The bill requires local law enforcement to get the approval of elected local representatives before acquiring surveillance technology. Before that vote, law enforcement agencies like police departments, sheriffs, and district attorneys must propose a set of written rules that explain their plans for the technology as wells as limits on its use and collection and sharing of data. Next, residents get a chance to weigh in on these rules and the proposal at a public meeting. If a city council or board of supervisors doesn’t approve a proposal, law enforcement cannot acquire or use that technology.

As surveillance technology becomes more powerful and easily available, California needs this bill now more than ever — and hopefully other states will follow its lead. Often bankrolled by federal funds, technologies like automatic license plate readers, drones, and social media surveillance systems have invaded our communities without our knowledge or input. These technologies collect information about our whereabouts and other sensitive details about our lives, and they are frequently turned on local activists.

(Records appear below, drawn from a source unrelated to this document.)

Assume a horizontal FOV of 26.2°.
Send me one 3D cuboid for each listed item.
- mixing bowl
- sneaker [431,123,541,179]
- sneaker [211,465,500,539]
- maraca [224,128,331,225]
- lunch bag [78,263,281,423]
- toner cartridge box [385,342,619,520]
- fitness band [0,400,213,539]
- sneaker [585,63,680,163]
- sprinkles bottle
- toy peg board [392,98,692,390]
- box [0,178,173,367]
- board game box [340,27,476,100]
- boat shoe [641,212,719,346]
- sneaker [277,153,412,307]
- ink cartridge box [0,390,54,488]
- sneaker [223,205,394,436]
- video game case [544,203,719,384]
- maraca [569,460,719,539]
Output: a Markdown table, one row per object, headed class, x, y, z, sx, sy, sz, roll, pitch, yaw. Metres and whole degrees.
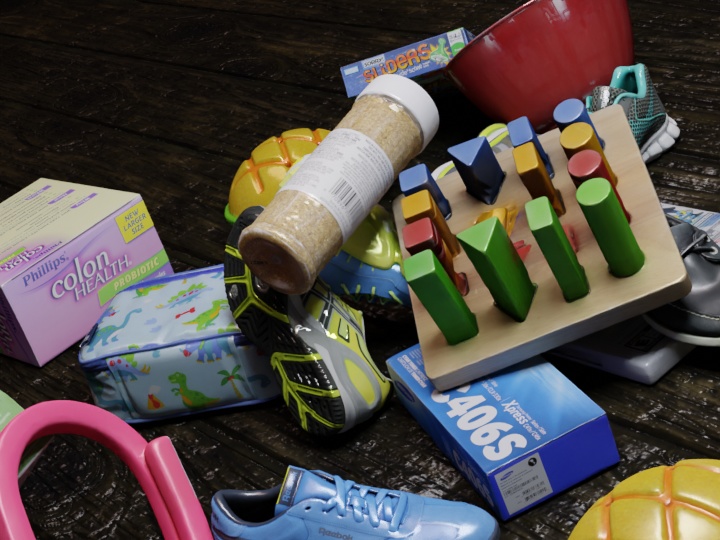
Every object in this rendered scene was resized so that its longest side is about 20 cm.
| class | x | y | z | sx | sy | sz | roll | pitch | yaw |
| --- | --- | --- | --- | --- | --- | --- | --- | --- | --- |
| mixing bowl | 0.193 | -0.198 | 1.523 | 0.200 | 0.109 | 0.200 | -29 | -5 | -3 |
| sneaker | 0.124 | -0.077 | 1.423 | 0.081 | 0.074 | 0.200 | 3 | 36 | 34 |
| sneaker | -0.009 | 0.169 | 1.029 | 0.200 | 0.079 | 0.066 | -7 | 27 | 23 |
| maraca | -0.046 | -0.093 | 1.533 | 0.200 | 0.107 | 0.137 | -36 | 31 | -29 |
| lunch bag | -0.136 | 0.054 | 1.344 | 0.200 | 0.083 | 0.161 | -10 | 25 | 18 |
| toner cartridge box | 0.098 | 0.099 | 1.123 | 0.095 | 0.043 | 0.200 | -25 | 26 | -11 |
| fitness band | -0.174 | 0.177 | 1.036 | 0.143 | 0.200 | 0.037 | -10 | -26 | -39 |
| sneaker | 0.222 | -0.121 | 1.408 | 0.077 | 0.091 | 0.200 | -3 | 31 | 34 |
| sprinkles bottle | -0.014 | -0.070 | 1.206 | 0.068 | 0.068 | 0.200 | 4 | 43 | 41 |
| toy peg board | 0.113 | -0.045 | 1.141 | 0.200 | 0.098 | 0.199 | -22 | 44 | 12 |
| box | -0.325 | -0.004 | 1.575 | 0.176 | 0.097 | 0.200 | -37 | 29 | -31 |
| board game box | 0.069 | -0.211 | 1.653 | 0.135 | 0.035 | 0.200 | -17 | -3 | 13 |
| boat shoe | 0.234 | -0.008 | 1.157 | 0.074 | 0.066 | 0.199 | -22 | 27 | -6 |
| sneaker | 0.000 | 0.000 | 1.286 | 0.105 | 0.200 | 0.076 | -47 | -3 | 10 |
| ink cartridge box | -0.300 | 0.181 | 1.108 | 0.200 | 0.059 | 0.104 | -52 | 1 | 43 |
| sneaker | -0.045 | 0.038 | 1.229 | 0.076 | 0.200 | 0.075 | -10 | -22 | -41 |
| video game case | 0.225 | 0.011 | 1.230 | 0.200 | 0.022 | 0.182 | -36 | 30 | -27 |
| maraca | 0.159 | 0.174 | 0.842 | 0.200 | 0.107 | 0.137 | -27 | 28 | -11 |

Warrantless surveillance not only feeds databases that can be abused, it leads to real-world harms that disproportionately affect immigrants, people of color, and Muslim-Americans. Many law enforcement agencies have used social media monitoring products advertised as tools to track activists of color. For example, San Jose police used it to spy on protesters during a visit by India’s prime minister. The L.A. County Sheriff’s Department monitored the residents of Compton using high-powered aerial surveillance. San Francisco police stopped and held an elderly Black woman at gunpoint — all because an automatic license plate reader improperly identified her car as a stolen vehicle. Elsewhere, police have used that same technology to monitor mosque visitors.

Federal immigration authorities are increasingly seeking to exploit these local surveillance systems, often without local knowledge. Earlier this year, for example, news broke that U.S. Immigration and Customs Enforcement had obtained access to a database operated by a company called Vigilant, which hosts license plate location data collected by local law enforcement agencies across the United States.

The ACLU of Northern California has sued to learn more about this arrangement, and some California communities have stood up and rejected this company’s technology. However, these systems continue to prowl cities and rural areas, collecting data about immigrants while they’re driving to work, running errands, or bringing their kids to school. ICE should not be able to exploit this data to target and separate families. SB 1186 gives communities statewide a way to ensure that local law enforcement is not facilitating practices like this.

Communities such as Santa Clara County, Oakland, Davis, and Berkeley have already passed ordinances that require law enforcement agencies to be transparent about surveillance proposals, submit those proposals to a vote by elected leaders, and write strict rules for how the technologies can be used. SB 1186 — which would be the first statewide law of its kind — would ensure that all Californians can benefit from these important reforms. Community voices must be heard if surveillance proposals are on the table.

This bill is a piece of a larger movement. Localities across the country are taking part in a national campaign called Community Control Over Police Surveillance (CCOPS), a reform effort spearheaded by 17 organizations, including the ACLU, aimed at putting local residents and elected officials in charge of decisions about surveillance technology. To date, local CCOPS efforts have sprouted up in more than 20 cities, including New York and St. Louis.

After passing through the California Senate, the California Assembly Appropriations Committee will decide this bill’s fate in the next week. If you live in California, contact your state assembly representative and encourage them to support SB 1186 across the finish line.

This will not be an easy fight. Law enforcement agencies strongly oppose this bill’s transparency and oversight mechanisms. But public safety in the digital era requires that elected representatives and community members have a voice in important decisions like these.